[Data excerpts]

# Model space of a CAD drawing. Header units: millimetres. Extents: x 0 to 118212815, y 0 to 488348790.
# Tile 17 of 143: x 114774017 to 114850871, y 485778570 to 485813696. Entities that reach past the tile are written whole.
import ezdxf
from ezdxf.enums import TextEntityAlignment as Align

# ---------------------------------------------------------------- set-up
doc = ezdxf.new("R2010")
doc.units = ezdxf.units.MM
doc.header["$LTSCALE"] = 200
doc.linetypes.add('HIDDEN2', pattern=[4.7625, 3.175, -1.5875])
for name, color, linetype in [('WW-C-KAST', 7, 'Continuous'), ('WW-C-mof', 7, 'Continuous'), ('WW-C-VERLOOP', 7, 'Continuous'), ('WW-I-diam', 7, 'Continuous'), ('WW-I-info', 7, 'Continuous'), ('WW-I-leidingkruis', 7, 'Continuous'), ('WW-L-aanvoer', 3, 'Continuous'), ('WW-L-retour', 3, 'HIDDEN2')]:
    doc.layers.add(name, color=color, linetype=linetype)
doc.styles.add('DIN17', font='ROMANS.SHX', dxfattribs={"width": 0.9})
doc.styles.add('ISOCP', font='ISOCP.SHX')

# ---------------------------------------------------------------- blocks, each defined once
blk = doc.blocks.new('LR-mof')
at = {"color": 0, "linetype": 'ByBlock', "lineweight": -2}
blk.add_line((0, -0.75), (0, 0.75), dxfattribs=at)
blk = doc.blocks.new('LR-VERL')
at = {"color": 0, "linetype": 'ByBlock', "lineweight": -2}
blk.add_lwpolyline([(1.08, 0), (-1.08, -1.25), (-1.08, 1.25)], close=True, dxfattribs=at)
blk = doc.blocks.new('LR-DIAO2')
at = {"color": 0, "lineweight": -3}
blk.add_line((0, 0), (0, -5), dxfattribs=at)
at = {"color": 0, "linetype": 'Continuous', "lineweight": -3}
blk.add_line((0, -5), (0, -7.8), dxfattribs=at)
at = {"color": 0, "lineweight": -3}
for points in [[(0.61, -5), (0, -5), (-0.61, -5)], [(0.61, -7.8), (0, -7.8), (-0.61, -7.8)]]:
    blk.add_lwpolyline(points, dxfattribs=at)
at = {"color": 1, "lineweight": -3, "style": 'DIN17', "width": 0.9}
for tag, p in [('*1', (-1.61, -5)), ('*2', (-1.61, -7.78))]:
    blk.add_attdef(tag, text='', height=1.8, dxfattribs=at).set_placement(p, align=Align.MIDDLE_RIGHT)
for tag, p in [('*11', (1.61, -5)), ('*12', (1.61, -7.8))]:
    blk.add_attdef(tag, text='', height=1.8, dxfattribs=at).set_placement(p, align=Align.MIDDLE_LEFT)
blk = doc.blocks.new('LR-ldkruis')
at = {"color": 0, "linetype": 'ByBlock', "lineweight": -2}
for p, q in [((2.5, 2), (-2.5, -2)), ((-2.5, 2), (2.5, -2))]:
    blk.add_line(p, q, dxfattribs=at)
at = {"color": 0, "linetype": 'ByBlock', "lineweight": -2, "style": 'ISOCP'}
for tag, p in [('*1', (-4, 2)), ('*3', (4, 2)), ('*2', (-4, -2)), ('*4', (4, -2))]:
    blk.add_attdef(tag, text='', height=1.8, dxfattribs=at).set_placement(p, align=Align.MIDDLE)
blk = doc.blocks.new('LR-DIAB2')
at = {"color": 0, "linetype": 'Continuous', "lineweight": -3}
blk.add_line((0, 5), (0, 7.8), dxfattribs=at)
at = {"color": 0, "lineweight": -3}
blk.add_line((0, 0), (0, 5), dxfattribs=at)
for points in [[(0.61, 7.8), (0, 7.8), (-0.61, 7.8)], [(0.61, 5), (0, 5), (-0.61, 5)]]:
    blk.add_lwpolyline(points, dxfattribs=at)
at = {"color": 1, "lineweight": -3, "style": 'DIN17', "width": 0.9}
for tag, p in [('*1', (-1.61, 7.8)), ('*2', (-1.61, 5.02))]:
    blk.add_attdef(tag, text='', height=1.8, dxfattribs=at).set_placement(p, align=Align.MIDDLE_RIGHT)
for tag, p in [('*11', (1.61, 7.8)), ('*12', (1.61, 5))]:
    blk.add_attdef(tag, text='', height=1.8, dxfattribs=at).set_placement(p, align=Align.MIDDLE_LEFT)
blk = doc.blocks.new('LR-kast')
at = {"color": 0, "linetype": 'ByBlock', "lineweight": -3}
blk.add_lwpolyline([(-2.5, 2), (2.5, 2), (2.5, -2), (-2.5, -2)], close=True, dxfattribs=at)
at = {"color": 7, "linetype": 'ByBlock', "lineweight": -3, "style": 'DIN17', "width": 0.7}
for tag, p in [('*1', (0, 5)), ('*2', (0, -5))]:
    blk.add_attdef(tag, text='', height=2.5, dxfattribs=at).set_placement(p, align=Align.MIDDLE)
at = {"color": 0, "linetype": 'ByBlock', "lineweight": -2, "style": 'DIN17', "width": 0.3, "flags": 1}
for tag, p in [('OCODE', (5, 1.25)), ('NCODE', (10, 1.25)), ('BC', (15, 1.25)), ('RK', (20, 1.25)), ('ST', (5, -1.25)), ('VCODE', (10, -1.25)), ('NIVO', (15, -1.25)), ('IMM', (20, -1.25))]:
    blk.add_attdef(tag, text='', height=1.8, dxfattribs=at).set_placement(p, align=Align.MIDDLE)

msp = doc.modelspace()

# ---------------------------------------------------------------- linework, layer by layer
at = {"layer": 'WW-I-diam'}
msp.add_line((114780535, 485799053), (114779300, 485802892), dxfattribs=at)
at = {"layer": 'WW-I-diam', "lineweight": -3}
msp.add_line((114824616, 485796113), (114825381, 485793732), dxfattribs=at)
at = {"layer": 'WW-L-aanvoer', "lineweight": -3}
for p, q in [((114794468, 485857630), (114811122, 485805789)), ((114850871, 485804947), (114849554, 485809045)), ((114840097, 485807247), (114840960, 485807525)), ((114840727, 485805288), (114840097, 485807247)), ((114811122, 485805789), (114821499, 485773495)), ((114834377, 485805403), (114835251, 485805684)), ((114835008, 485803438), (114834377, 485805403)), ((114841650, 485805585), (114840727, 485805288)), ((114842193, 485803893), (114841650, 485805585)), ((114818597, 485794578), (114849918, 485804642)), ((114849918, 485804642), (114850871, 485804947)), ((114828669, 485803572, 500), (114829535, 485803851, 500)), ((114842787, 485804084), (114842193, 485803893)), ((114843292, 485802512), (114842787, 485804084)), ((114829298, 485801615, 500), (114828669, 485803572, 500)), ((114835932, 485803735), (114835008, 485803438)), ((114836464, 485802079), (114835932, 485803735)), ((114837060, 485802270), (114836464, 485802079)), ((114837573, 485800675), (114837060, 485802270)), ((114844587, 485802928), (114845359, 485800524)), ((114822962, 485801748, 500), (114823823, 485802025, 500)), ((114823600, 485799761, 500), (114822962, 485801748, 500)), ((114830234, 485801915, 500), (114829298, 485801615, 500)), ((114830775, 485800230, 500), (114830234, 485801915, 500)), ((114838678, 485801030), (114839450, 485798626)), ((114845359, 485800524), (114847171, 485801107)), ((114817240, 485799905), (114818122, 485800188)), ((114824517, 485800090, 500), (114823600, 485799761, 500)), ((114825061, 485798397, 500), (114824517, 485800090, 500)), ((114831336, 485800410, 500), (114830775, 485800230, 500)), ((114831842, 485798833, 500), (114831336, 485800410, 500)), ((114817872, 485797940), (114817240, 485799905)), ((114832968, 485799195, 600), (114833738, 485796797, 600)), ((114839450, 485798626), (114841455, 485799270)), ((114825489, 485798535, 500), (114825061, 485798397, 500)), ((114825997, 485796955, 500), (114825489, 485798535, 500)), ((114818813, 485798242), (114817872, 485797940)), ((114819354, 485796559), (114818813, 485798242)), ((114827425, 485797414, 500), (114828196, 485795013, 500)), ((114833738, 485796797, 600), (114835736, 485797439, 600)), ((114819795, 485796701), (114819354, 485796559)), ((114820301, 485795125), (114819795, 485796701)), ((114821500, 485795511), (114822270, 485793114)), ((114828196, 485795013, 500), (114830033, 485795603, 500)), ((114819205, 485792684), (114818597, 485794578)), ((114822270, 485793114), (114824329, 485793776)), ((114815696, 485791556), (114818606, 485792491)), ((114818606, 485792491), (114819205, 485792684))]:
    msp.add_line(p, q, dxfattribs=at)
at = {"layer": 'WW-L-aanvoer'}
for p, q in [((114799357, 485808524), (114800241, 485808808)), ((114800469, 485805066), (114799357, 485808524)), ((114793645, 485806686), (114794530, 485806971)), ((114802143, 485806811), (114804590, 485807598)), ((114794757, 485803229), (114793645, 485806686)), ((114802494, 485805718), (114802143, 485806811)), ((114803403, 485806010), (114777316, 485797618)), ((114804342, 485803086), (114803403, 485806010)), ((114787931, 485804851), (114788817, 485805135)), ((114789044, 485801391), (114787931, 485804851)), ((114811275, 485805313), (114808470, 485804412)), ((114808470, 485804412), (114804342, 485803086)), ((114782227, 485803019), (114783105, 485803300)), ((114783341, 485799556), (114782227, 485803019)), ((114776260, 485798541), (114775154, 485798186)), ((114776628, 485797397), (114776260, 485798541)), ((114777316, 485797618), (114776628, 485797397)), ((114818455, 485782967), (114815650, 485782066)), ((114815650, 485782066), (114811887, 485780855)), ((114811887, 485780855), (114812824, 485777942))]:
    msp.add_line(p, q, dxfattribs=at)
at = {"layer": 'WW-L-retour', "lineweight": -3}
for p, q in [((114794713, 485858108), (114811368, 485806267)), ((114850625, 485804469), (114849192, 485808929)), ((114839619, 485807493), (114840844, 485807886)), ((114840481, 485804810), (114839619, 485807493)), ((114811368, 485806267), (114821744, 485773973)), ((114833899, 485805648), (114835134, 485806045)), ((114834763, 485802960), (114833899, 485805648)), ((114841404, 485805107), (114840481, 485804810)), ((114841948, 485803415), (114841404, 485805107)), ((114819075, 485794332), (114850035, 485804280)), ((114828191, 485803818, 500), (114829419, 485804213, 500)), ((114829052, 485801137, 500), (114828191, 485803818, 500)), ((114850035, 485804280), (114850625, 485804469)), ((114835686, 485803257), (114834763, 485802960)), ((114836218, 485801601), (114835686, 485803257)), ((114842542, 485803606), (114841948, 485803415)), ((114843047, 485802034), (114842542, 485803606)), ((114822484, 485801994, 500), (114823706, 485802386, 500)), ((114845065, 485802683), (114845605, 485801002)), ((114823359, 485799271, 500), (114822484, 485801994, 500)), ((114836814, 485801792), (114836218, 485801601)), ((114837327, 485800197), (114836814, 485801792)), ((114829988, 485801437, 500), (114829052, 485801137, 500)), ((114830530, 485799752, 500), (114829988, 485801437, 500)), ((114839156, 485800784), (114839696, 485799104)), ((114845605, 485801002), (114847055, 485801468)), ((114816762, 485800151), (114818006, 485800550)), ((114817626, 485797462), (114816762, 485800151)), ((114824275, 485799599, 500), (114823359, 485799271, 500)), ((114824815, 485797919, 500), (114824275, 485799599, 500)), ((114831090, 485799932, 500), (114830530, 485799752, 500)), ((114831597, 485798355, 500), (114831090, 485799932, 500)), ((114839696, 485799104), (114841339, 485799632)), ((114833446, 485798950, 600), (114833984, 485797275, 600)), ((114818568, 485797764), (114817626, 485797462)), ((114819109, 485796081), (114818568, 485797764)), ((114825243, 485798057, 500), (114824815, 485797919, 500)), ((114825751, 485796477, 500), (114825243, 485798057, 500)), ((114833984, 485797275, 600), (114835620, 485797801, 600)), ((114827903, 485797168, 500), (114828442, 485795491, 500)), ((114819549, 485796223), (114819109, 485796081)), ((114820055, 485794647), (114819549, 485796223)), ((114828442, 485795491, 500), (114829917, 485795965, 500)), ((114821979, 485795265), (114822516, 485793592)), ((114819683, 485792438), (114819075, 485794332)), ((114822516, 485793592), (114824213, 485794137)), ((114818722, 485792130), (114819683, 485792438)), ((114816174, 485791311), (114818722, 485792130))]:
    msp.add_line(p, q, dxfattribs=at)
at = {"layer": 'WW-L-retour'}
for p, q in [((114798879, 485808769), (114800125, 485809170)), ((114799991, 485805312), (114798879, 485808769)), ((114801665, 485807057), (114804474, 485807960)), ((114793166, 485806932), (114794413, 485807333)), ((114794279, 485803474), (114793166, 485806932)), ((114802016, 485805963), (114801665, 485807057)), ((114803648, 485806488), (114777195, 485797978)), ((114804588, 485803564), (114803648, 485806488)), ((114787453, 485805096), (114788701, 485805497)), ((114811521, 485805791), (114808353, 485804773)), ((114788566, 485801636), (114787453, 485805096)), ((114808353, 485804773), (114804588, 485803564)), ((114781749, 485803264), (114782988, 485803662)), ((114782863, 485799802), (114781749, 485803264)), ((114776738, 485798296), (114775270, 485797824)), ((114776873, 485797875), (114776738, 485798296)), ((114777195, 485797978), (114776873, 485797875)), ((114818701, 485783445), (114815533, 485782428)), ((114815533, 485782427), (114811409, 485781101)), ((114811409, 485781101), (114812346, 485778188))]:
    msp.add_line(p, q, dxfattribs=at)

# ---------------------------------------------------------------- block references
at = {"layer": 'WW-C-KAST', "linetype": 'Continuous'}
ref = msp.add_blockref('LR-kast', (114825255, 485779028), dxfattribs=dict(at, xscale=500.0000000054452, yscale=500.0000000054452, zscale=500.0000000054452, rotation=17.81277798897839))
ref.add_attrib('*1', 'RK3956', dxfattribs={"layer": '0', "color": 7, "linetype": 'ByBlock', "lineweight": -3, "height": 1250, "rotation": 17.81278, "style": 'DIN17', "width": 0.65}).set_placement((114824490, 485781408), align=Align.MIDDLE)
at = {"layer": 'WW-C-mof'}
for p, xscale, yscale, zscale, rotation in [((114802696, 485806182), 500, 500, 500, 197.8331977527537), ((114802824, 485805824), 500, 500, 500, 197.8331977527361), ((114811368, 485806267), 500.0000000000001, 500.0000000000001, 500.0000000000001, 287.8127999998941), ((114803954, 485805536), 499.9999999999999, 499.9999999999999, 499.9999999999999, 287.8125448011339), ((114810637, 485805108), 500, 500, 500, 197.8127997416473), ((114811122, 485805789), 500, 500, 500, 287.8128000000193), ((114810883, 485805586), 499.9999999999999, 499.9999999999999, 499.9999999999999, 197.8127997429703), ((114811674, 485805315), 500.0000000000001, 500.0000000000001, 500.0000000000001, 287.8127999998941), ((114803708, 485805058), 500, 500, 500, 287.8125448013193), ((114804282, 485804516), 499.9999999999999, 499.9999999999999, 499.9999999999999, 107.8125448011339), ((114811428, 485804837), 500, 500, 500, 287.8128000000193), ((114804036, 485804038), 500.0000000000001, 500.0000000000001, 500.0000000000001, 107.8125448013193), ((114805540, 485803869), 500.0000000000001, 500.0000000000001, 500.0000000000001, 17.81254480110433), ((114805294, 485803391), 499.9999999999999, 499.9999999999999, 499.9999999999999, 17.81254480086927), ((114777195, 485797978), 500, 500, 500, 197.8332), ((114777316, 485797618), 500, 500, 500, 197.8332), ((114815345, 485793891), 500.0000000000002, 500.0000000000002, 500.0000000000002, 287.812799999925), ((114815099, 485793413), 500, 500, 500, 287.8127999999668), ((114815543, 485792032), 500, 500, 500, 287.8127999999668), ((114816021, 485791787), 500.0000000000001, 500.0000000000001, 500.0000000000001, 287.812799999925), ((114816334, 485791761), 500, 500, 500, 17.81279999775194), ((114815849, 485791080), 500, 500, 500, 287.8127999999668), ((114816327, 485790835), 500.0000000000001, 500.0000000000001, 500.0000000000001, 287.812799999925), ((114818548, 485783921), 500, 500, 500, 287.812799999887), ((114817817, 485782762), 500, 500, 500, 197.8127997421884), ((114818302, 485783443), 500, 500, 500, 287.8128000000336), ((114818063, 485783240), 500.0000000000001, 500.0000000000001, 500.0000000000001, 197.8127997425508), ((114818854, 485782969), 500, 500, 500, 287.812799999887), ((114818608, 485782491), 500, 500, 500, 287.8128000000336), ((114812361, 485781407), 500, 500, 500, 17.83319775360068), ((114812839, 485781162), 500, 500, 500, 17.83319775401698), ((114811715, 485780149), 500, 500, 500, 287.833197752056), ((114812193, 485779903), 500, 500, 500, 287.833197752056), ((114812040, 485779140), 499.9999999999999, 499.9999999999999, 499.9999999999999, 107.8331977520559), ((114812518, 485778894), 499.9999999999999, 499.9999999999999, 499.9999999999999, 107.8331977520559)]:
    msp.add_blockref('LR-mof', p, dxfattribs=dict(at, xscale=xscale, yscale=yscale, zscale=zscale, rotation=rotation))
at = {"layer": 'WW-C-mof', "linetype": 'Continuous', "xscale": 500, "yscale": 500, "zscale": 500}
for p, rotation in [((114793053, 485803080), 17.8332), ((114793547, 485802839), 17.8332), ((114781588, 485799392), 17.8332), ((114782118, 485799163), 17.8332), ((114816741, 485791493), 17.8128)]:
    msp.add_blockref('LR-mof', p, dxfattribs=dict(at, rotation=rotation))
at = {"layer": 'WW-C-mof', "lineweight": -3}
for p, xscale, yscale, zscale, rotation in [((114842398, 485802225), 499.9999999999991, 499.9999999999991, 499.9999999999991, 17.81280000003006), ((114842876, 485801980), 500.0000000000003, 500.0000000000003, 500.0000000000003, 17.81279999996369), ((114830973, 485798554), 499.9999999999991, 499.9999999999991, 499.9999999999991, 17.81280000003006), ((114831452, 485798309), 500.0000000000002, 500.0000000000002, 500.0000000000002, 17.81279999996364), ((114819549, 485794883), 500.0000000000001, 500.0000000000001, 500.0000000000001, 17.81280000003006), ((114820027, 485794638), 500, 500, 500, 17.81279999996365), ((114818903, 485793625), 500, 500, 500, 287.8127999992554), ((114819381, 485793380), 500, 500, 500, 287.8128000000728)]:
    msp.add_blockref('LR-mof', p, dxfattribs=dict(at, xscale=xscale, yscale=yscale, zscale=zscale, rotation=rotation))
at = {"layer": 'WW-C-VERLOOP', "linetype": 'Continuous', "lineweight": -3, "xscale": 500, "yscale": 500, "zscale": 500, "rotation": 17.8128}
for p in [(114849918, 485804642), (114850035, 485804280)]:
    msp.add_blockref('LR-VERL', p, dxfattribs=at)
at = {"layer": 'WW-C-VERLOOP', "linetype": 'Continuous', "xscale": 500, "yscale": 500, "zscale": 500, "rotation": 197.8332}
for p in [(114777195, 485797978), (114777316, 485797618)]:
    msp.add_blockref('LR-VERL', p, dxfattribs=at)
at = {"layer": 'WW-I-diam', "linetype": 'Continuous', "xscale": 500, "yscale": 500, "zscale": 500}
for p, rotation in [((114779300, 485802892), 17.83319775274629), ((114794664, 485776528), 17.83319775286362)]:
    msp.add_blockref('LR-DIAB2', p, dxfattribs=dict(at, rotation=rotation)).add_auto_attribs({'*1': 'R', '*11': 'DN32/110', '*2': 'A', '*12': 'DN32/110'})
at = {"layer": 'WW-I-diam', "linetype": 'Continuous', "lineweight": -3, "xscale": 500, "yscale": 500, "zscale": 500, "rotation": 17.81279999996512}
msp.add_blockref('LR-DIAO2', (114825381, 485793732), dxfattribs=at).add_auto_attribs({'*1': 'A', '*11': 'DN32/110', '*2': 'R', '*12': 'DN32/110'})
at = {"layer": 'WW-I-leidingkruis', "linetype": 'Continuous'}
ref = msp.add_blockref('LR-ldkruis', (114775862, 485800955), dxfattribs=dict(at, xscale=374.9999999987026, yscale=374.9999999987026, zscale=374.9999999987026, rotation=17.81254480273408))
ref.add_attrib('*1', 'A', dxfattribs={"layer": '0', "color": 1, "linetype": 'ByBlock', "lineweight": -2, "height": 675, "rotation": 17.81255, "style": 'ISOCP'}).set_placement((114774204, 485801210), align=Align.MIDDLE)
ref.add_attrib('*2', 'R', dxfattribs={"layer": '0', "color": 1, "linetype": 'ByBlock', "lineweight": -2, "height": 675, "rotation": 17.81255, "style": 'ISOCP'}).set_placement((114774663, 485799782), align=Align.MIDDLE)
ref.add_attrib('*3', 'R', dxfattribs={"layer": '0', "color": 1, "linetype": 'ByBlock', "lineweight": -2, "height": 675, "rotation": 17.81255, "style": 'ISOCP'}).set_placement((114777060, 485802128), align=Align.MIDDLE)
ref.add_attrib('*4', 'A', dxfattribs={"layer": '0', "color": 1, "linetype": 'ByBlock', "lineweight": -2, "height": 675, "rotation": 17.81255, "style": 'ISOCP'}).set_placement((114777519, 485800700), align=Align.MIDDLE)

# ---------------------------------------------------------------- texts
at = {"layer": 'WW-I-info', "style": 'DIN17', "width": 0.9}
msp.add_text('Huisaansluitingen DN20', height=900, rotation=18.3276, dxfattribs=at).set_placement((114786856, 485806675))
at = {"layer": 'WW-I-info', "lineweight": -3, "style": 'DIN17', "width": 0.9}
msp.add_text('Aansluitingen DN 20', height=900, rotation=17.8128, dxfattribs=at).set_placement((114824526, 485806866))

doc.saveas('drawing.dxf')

EXERCISE OBJECTIVE =
Output each line of the records above exactly, beginning at the first, and stop once the line containing "from ezdxf.enums import" has been output.

OUTPUT OF THE EXERCISE =
# Model space of a CAD drawing. Header units: millimetres. Extents: x 0 to 118212815, y 0 to 488348790.
# Tile 17 of 143: x 114774017 to 114850871, y 485778570 to 485813696. Entities that reach past the tile are written whole.
import ezdxf
from ezdxf.enums import TextEntityAlignment as Align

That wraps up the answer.